The anti-sanctions lobby does get one thing right, however. The unwavering backing of Myanmar's dictatorship by its Asian neighbors, including China, India and economically advanced members of the Association of South East Asian Nations, has rendered Western sanctions and boycotts ineffectual. That's prevented the punitive measures from having the impact they had in the successful fight against apartheid in South Africa.

As Timothy Garton Ash, professor of European Studies at Oxford University, pointed out in a recent live dialogue with pro-democracy icon Suu Kyi at the London School of Economics, the post-Cold War efforts at democratization across Eastern Europe succeeded partly because the external geopolitical and ideological environment was at the time conducive to internal struggles for democratization. Suu Kyi has until now backed the West's sanctions. But the unfolding tragedy in Myanmar is that the favorable external environment for organic democratization no longer exists.
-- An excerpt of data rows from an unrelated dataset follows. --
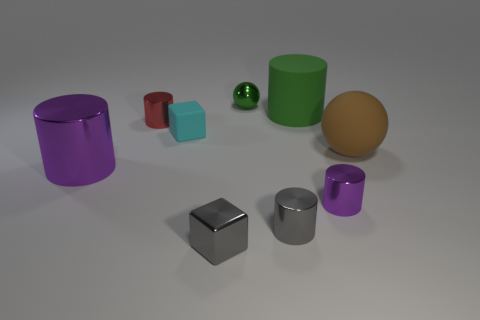Describe the texture and color of the object farthest to the left. The object farthest to the left is a purple cylinder with a glossy finish. Its color is a deep shade of purple that reflects the light, creating highlights and subtle reflections on its surface. 
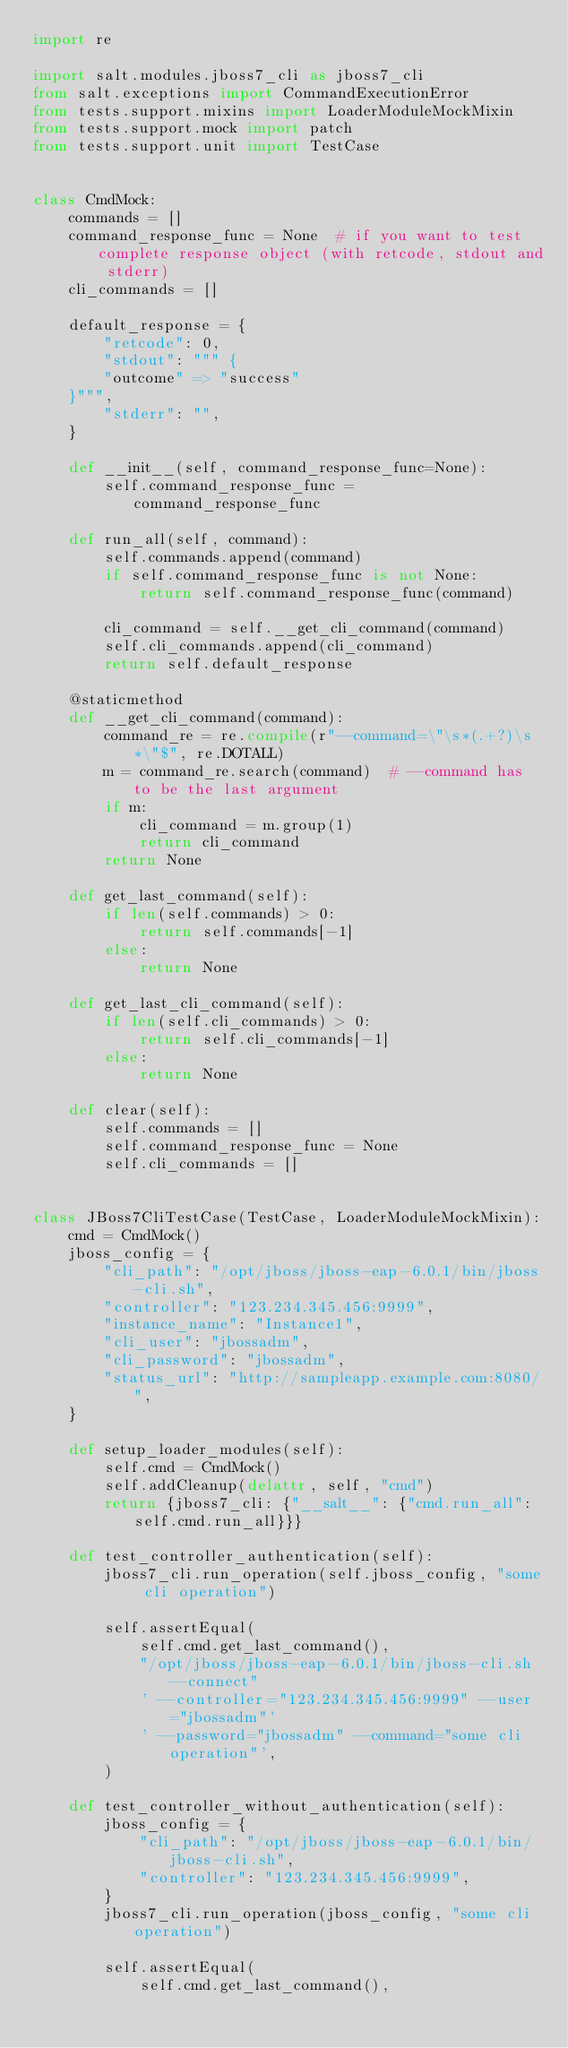Convert code to text. <code><loc_0><loc_0><loc_500><loc_500><_Python_>import re

import salt.modules.jboss7_cli as jboss7_cli
from salt.exceptions import CommandExecutionError
from tests.support.mixins import LoaderModuleMockMixin
from tests.support.mock import patch
from tests.support.unit import TestCase


class CmdMock:
    commands = []
    command_response_func = None  # if you want to test complete response object (with retcode, stdout and stderr)
    cli_commands = []

    default_response = {
        "retcode": 0,
        "stdout": """ {
        "outcome" => "success"
    }""",
        "stderr": "",
    }

    def __init__(self, command_response_func=None):
        self.command_response_func = command_response_func

    def run_all(self, command):
        self.commands.append(command)
        if self.command_response_func is not None:
            return self.command_response_func(command)

        cli_command = self.__get_cli_command(command)
        self.cli_commands.append(cli_command)
        return self.default_response

    @staticmethod
    def __get_cli_command(command):
        command_re = re.compile(r"--command=\"\s*(.+?)\s*\"$", re.DOTALL)
        m = command_re.search(command)  # --command has to be the last argument
        if m:
            cli_command = m.group(1)
            return cli_command
        return None

    def get_last_command(self):
        if len(self.commands) > 0:
            return self.commands[-1]
        else:
            return None

    def get_last_cli_command(self):
        if len(self.cli_commands) > 0:
            return self.cli_commands[-1]
        else:
            return None

    def clear(self):
        self.commands = []
        self.command_response_func = None
        self.cli_commands = []


class JBoss7CliTestCase(TestCase, LoaderModuleMockMixin):
    cmd = CmdMock()
    jboss_config = {
        "cli_path": "/opt/jboss/jboss-eap-6.0.1/bin/jboss-cli.sh",
        "controller": "123.234.345.456:9999",
        "instance_name": "Instance1",
        "cli_user": "jbossadm",
        "cli_password": "jbossadm",
        "status_url": "http://sampleapp.example.com:8080/",
    }

    def setup_loader_modules(self):
        self.cmd = CmdMock()
        self.addCleanup(delattr, self, "cmd")
        return {jboss7_cli: {"__salt__": {"cmd.run_all": self.cmd.run_all}}}

    def test_controller_authentication(self):
        jboss7_cli.run_operation(self.jboss_config, "some cli operation")

        self.assertEqual(
            self.cmd.get_last_command(),
            "/opt/jboss/jboss-eap-6.0.1/bin/jboss-cli.sh --connect"
            ' --controller="123.234.345.456:9999" --user="jbossadm"'
            ' --password="jbossadm" --command="some cli operation"',
        )

    def test_controller_without_authentication(self):
        jboss_config = {
            "cli_path": "/opt/jboss/jboss-eap-6.0.1/bin/jboss-cli.sh",
            "controller": "123.234.345.456:9999",
        }
        jboss7_cli.run_operation(jboss_config, "some cli operation")

        self.assertEqual(
            self.cmd.get_last_command(),</code>

To the contrary, Myanmar's opportunistic neighbors continue to treat the country as a brothel of cheap labor and source of natural resources. Indeed, several of these countries would find it against their interests for the military regime to be replaced with a truly democratic government, one that was responsive to its citizens' basic needs and livelihoods.

The emerging anti-sanctions lobby should be understood for what it is - the bald promotion of Western strategic and corporate interests. Ending sanctions now will only further entrench military rule, giving it a veneer of normalcy and acceptability, at the expense of Myanmar's long-suffering people and the country's equitable economic development

Maung Zarni is a visiting senior fellow at Chulalongkorn University's Institute of Security and International Studies and a research fellow on Myanmar/Burma at the London School of Economics and Political Science. He may be reached [email protected] .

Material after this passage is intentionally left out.